**DESCRIPTION OF THE TASK**
Return the data verbatim, without pictures.

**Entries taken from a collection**
= = = = = = =
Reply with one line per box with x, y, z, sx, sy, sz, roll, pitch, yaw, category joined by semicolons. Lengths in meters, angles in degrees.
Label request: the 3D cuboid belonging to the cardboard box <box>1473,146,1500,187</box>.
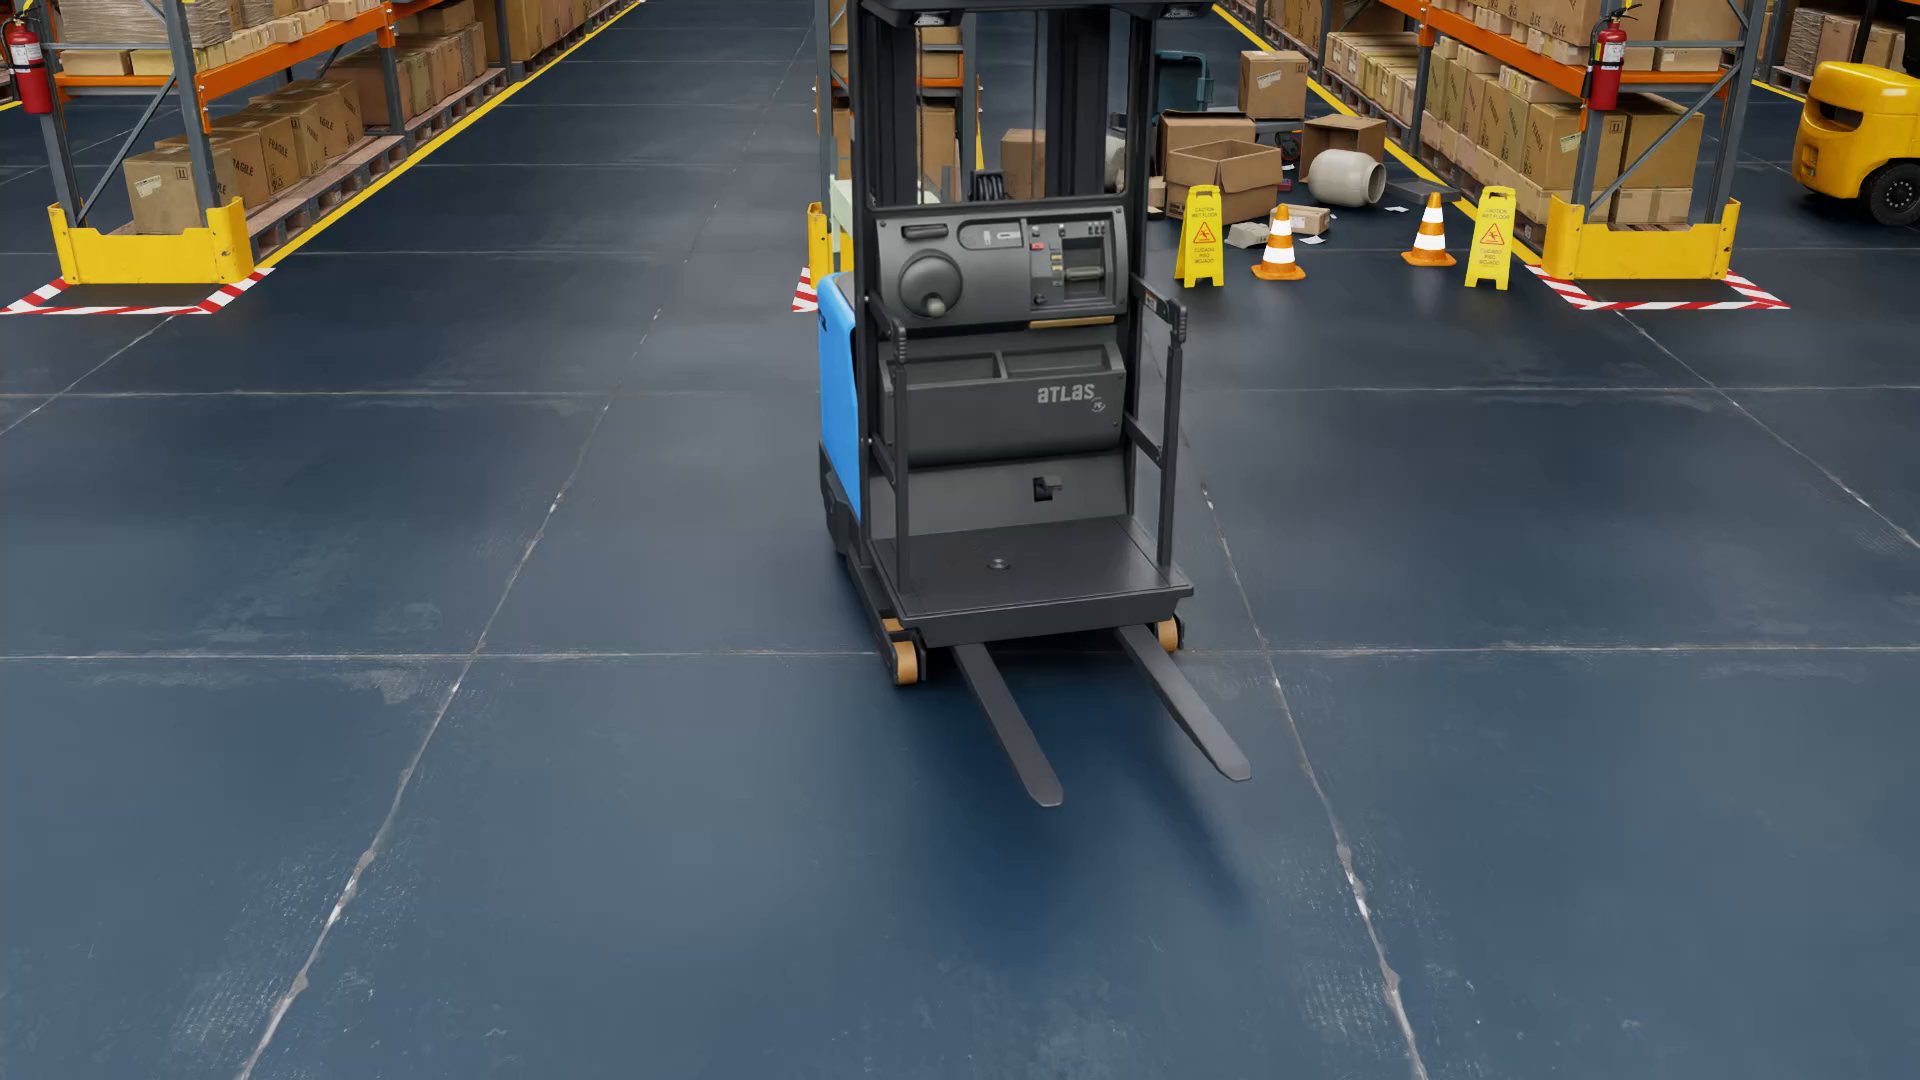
4.264;-2.844;12.725;0.500;0.250;0.500;-1;24;-2;cardboard box

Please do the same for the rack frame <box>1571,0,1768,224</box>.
4.551;-3.144;10.562;1.000;3.000;0.127;0;24;-1;rack frame

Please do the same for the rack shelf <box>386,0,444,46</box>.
-5.424;-5.244;16.079;1.077;0.370;4.000;0;24;-1;rack shelf

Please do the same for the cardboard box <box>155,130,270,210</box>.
-5.389;-2.656;12.006;0.500;0.500;0.500;6;25;13;cardboard box

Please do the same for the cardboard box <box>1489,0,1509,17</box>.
4.280;-4.169;12.346;0.500;0.500;0.500;0;24;0;cardboard box

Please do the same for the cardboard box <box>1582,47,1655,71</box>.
4.333;-3.183;10.953;0.380;0.149;0.250;1;24;1;cardboard box

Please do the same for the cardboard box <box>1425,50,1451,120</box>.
4.244;-3.829;13.992;0.500;0.500;0.500;1;24;2;cardboard box

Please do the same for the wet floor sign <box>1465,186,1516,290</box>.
3.483;-1.989;10.864;0.267;0.644;0.232;8;26;18;wet floor sign

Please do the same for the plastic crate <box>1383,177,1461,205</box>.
3.705;-2.812;13.370;0.402;0.080;0.583;-9;26;-19;plastic crate

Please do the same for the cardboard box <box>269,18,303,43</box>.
-5.042;-3.722;12.145;0.380;0.149;0.250;0;24;-1;cardboard box

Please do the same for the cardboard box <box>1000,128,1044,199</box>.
0.602;-2.956;13.176;0.500;0.500;0.500;4;25;9;cardboard box

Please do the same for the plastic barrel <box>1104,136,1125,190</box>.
1.105;-3.094;13.578;0.512;0.421;0.421;19;30;35;plastic barrel

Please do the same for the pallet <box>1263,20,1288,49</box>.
4.504;-6.501;21.368;1.003;0.211;1.213;0;24;-1;pallet

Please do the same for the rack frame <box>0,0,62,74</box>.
-10.398;-6.374;17.703;1.000;3.000;0.127;0;24;-1;rack frame

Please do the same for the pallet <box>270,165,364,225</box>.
-5.343;-2.697;12.957;1.003;0.211;1.213;0;24;-1;pallet

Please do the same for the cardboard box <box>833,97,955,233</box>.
-0.471;-2.583;11.390;0.875;0.875;0.875;0;24;0;cardboard box

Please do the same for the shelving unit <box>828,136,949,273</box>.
-0.330;-1.077;7.811;0.431;1.500;0.755;-6;25;-12;shelving unit

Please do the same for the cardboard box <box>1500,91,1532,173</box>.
4.273;-2.969;12.091;0.500;0.500;0.500;1;24;1;cardboard box

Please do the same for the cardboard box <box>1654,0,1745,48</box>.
4.823;-3.522;10.915;0.500;0.500;0.500;-1;24;-1;cardboard box

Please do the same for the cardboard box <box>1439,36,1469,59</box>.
4.185;-4.072;13.744;0.380;0.149;0.250;0;24;0;cardboard box

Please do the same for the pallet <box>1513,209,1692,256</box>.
4.577;-2.240;11.947;1.003;0.211;1.213;0;24;-1;pallet

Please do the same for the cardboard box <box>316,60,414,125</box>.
-5.387;-4.063;15.092;0.700;0.500;0.500;-2;24;-5;cardboard box

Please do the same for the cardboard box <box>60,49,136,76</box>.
-5.568;-3.102;10.773;0.380;0.149;0.250;0;24;-1;cardboard box

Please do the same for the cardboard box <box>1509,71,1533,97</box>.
4.211;-3.304;12.044;0.380;0.149;0.250;0;24;0;cardboard box

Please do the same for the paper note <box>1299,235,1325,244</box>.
2.550;-2.172;12.016;0.148;0.019;0.142;-9;26;-19;paper note

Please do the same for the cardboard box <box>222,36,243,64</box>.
-5.094;-3.310;11.234;0.380;0.149;0.250;0;24;-1;cardboard box

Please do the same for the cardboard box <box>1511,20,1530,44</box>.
4.249;-3.710;12.117;0.380;0.149;0.250;-1;24;-1;cardboard box

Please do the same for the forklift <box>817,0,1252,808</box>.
0.213;-0.976;5.852;1.130;2.935;3.031;-6;25;-12;forklift

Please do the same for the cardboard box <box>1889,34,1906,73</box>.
9.453;-4.461;15.845;0.875;0.625;0.625;0;24;-1;cardboard box

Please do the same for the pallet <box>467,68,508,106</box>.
-5.438;-4.804;17.615;1.003;0.211;1.213;0;24;-1;pallet

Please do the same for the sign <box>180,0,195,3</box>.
-4.816;-3.497;10.291;0.100;0.325;0.005;0;24;-1;sign

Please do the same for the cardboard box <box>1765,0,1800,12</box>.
9.169;-6.015;18.646;0.380;0.149;0.250;-1;24;-3;cardboard box

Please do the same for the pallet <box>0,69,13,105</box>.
-10.428;-4.784;17.572;1.003;0.211;1.213;0;24;-1;pallet

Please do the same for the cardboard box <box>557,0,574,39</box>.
-5.452;-6.636;20.351;1.225;0.875;0.875;-1;24;-2;cardboard box

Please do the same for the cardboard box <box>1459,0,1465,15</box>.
4.278;-4.334;13.497;0.380;0.149;0.250;0;24;-1;cardboard box

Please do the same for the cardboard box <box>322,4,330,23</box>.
-5.185;-4.134;13.055;0.380;0.149;0.250;0;24;-1;cardboard box

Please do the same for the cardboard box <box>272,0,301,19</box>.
-5.418;-4.125;12.249;0.875;0.500;0.500;0;24;-1;cardboard box

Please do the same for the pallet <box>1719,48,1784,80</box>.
9.457;-5.502;19.159;1.003;0.211;1.213;0;24;-1;pallet

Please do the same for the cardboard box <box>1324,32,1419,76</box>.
4.460;-5.202;17.791;0.950;0.372;0.625;-2;24;-4;cardboard box

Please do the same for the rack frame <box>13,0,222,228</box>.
-5.358;-3.100;10.464;1.000;3.000;0.127;0;24;-1;rack frame

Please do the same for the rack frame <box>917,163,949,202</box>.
-0.243;-0.930;7.487;0.400;1.500;0.023;-6;25;-12;rack frame

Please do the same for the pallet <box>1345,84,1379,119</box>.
4.481;-4.347;16.605;1.003;0.211;1.213;0;24;-1;pallet

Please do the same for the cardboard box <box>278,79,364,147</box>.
-5.437;-3.636;14.172;0.500;0.500;0.500;-1;24;-2;cardboard box

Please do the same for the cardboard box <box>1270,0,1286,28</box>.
4.507;-7.057;21.283;0.875;0.875;0.875;0;24;1;cardboard box

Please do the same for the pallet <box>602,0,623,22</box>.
-5.435;-7.592;23.780;1.003;0.211;1.213;0;24;-1;pallet

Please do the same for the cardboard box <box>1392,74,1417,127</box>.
4.499;-4.003;15.140;0.950;0.372;0.625;0;24;0;cardboard box

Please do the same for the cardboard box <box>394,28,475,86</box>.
-5.399;-4.953;17.062;0.700;0.500;0.500;-2;24;-5;cardboard box

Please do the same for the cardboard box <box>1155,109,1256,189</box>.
1.982;-3.167;13.476;0.797;0.637;0.503;0;24;-1;cardboard box
= = = = = = =
**THE ANSWER**
Reply with one line per box with x, y, z, sx, sy, sz, roll, pitch, yaw, category joined by semicolons. Lengths in meters, angles in degrees.
Label request: the 3D cuboid belonging to the cardboard box <box>1473,146,1500,187</box>.
4.264;-2.844;12.725;0.500;0.250;0.500;-1;24;-2;cardboard box

Please do the same for the rack frame <box>1571,0,1768,224</box>.
4.551;-3.144;10.562;1.000;3.000;0.127;0;24;-1;rack frame

Please do the same for the rack shelf <box>386,0,444,46</box>.
-5.424;-5.244;16.079;1.077;0.370;4.000;0;24;-1;rack shelf

Please do the same for the cardboard box <box>155,130,270,210</box>.
-5.389;-2.656;12.006;0.500;0.500;0.500;6;25;13;cardboard box

Please do the same for the cardboard box <box>1489,0,1509,17</box>.
4.280;-4.169;12.346;0.500;0.500;0.500;0;24;0;cardboard box

Please do the same for the cardboard box <box>1582,47,1655,71</box>.
4.333;-3.183;10.953;0.380;0.149;0.250;1;24;1;cardboard box

Please do the same for the cardboard box <box>1425,50,1451,120</box>.
4.244;-3.829;13.992;0.500;0.500;0.500;1;24;2;cardboard box

Please do the same for the wet floor sign <box>1465,186,1516,290</box>.
3.483;-1.989;10.864;0.267;0.644;0.232;8;26;18;wet floor sign

Please do the same for the plastic crate <box>1383,177,1461,205</box>.
3.705;-2.812;13.370;0.402;0.080;0.583;-9;26;-19;plastic crate

Please do the same for the cardboard box <box>269,18,303,43</box>.
-5.042;-3.722;12.145;0.380;0.149;0.250;0;24;-1;cardboard box

Please do the same for the cardboard box <box>1000,128,1044,199</box>.
0.602;-2.956;13.176;0.500;0.500;0.500;4;25;9;cardboard box

Please do the same for the plastic barrel <box>1104,136,1125,190</box>.
1.105;-3.094;13.578;0.512;0.421;0.421;19;30;35;plastic barrel

Please do the same for the pallet <box>1263,20,1288,49</box>.
4.504;-6.501;21.368;1.003;0.211;1.213;0;24;-1;pallet

Please do the same for the rack frame <box>0,0,62,74</box>.
-10.398;-6.374;17.703;1.000;3.000;0.127;0;24;-1;rack frame

Please do the same for the pallet <box>270,165,364,225</box>.
-5.343;-2.697;12.957;1.003;0.211;1.213;0;24;-1;pallet

Please do the same for the cardboard box <box>833,97,955,233</box>.
-0.471;-2.583;11.390;0.875;0.875;0.875;0;24;0;cardboard box

Please do the same for the shelving unit <box>828,136,949,273</box>.
-0.330;-1.077;7.811;0.431;1.500;0.755;-6;25;-12;shelving unit

Please do the same for the cardboard box <box>1500,91,1532,173</box>.
4.273;-2.969;12.091;0.500;0.500;0.500;1;24;1;cardboard box

Please do the same for the cardboard box <box>1654,0,1745,48</box>.
4.823;-3.522;10.915;0.500;0.500;0.500;-1;24;-1;cardboard box

Please do the same for the cardboard box <box>1439,36,1469,59</box>.
4.185;-4.072;13.744;0.380;0.149;0.250;0;24;0;cardboard box

Please do the same for the pallet <box>1513,209,1692,256</box>.
4.577;-2.240;11.947;1.003;0.211;1.213;0;24;-1;pallet

Please do the same for the cardboard box <box>316,60,414,125</box>.
-5.387;-4.063;15.092;0.700;0.500;0.500;-2;24;-5;cardboard box

Please do the same for the cardboard box <box>60,49,136,76</box>.
-5.568;-3.102;10.773;0.380;0.149;0.250;0;24;-1;cardboard box

Please do the same for the cardboard box <box>1509,71,1533,97</box>.
4.211;-3.304;12.044;0.380;0.149;0.250;0;24;0;cardboard box

Please do the same for the paper note <box>1299,235,1325,244</box>.
2.550;-2.172;12.016;0.148;0.019;0.142;-9;26;-19;paper note

Please do the same for the cardboard box <box>222,36,243,64</box>.
-5.094;-3.310;11.234;0.380;0.149;0.250;0;24;-1;cardboard box

Please do the same for the cardboard box <box>1511,20,1530,44</box>.
4.249;-3.710;12.117;0.380;0.149;0.250;-1;24;-1;cardboard box

Please do the same for the forklift <box>817,0,1252,808</box>.
0.213;-0.976;5.852;1.130;2.935;3.031;-6;25;-12;forklift

Please do the same for the cardboard box <box>1889,34,1906,73</box>.
9.453;-4.461;15.845;0.875;0.625;0.625;0;24;-1;cardboard box

Please do the same for the pallet <box>467,68,508,106</box>.
-5.438;-4.804;17.615;1.003;0.211;1.213;0;24;-1;pallet

Please do the same for the sign <box>180,0,195,3</box>.
-4.816;-3.497;10.291;0.100;0.325;0.005;0;24;-1;sign

Please do the same for the cardboard box <box>1765,0,1800,12</box>.
9.169;-6.015;18.646;0.380;0.149;0.250;-1;24;-3;cardboard box

Please do the same for the pallet <box>0,69,13,105</box>.
-10.428;-4.784;17.572;1.003;0.211;1.213;0;24;-1;pallet

Please do the same for the cardboard box <box>557,0,574,39</box>.
-5.452;-6.636;20.351;1.225;0.875;0.875;-1;24;-2;cardboard box

Please do the same for the cardboard box <box>1459,0,1465,15</box>.
4.278;-4.334;13.497;0.380;0.149;0.250;0;24;-1;cardboard box

Please do the same for the cardboard box <box>322,4,330,23</box>.
-5.185;-4.134;13.055;0.380;0.149;0.250;0;24;-1;cardboard box

Please do the same for the cardboard box <box>272,0,301,19</box>.
-5.418;-4.125;12.249;0.875;0.500;0.500;0;24;-1;cardboard box

Please do the same for the pallet <box>1719,48,1784,80</box>.
9.457;-5.502;19.159;1.003;0.211;1.213;0;24;-1;pallet

Please do the same for the cardboard box <box>1324,32,1419,76</box>.
4.460;-5.202;17.791;0.950;0.372;0.625;-2;24;-4;cardboard box

Please do the same for the rack frame <box>13,0,222,228</box>.
-5.358;-3.100;10.464;1.000;3.000;0.127;0;24;-1;rack frame

Please do the same for the rack frame <box>917,163,949,202</box>.
-0.243;-0.930;7.487;0.400;1.500;0.023;-6;25;-12;rack frame

Please do the same for the pallet <box>1345,84,1379,119</box>.
4.481;-4.347;16.605;1.003;0.211;1.213;0;24;-1;pallet

Please do the same for the cardboard box <box>278,79,364,147</box>.
-5.437;-3.636;14.172;0.500;0.500;0.500;-1;24;-2;cardboard box

Please do the same for the cardboard box <box>1270,0,1286,28</box>.
4.507;-7.057;21.283;0.875;0.875;0.875;0;24;1;cardboard box

Please do the same for the pallet <box>602,0,623,22</box>.
-5.435;-7.592;23.780;1.003;0.211;1.213;0;24;-1;pallet

Please do the same for the cardboard box <box>1392,74,1417,127</box>.
4.499;-4.003;15.140;0.950;0.372;0.625;0;24;0;cardboard box

Please do the same for the cardboard box <box>394,28,475,86</box>.
-5.399;-4.953;17.062;0.700;0.500;0.500;-2;24;-5;cardboard box

Please do the same for the cardboard box <box>1155,109,1256,189</box>.
1.982;-3.167;13.476;0.797;0.637;0.503;0;24;-1;cardboard box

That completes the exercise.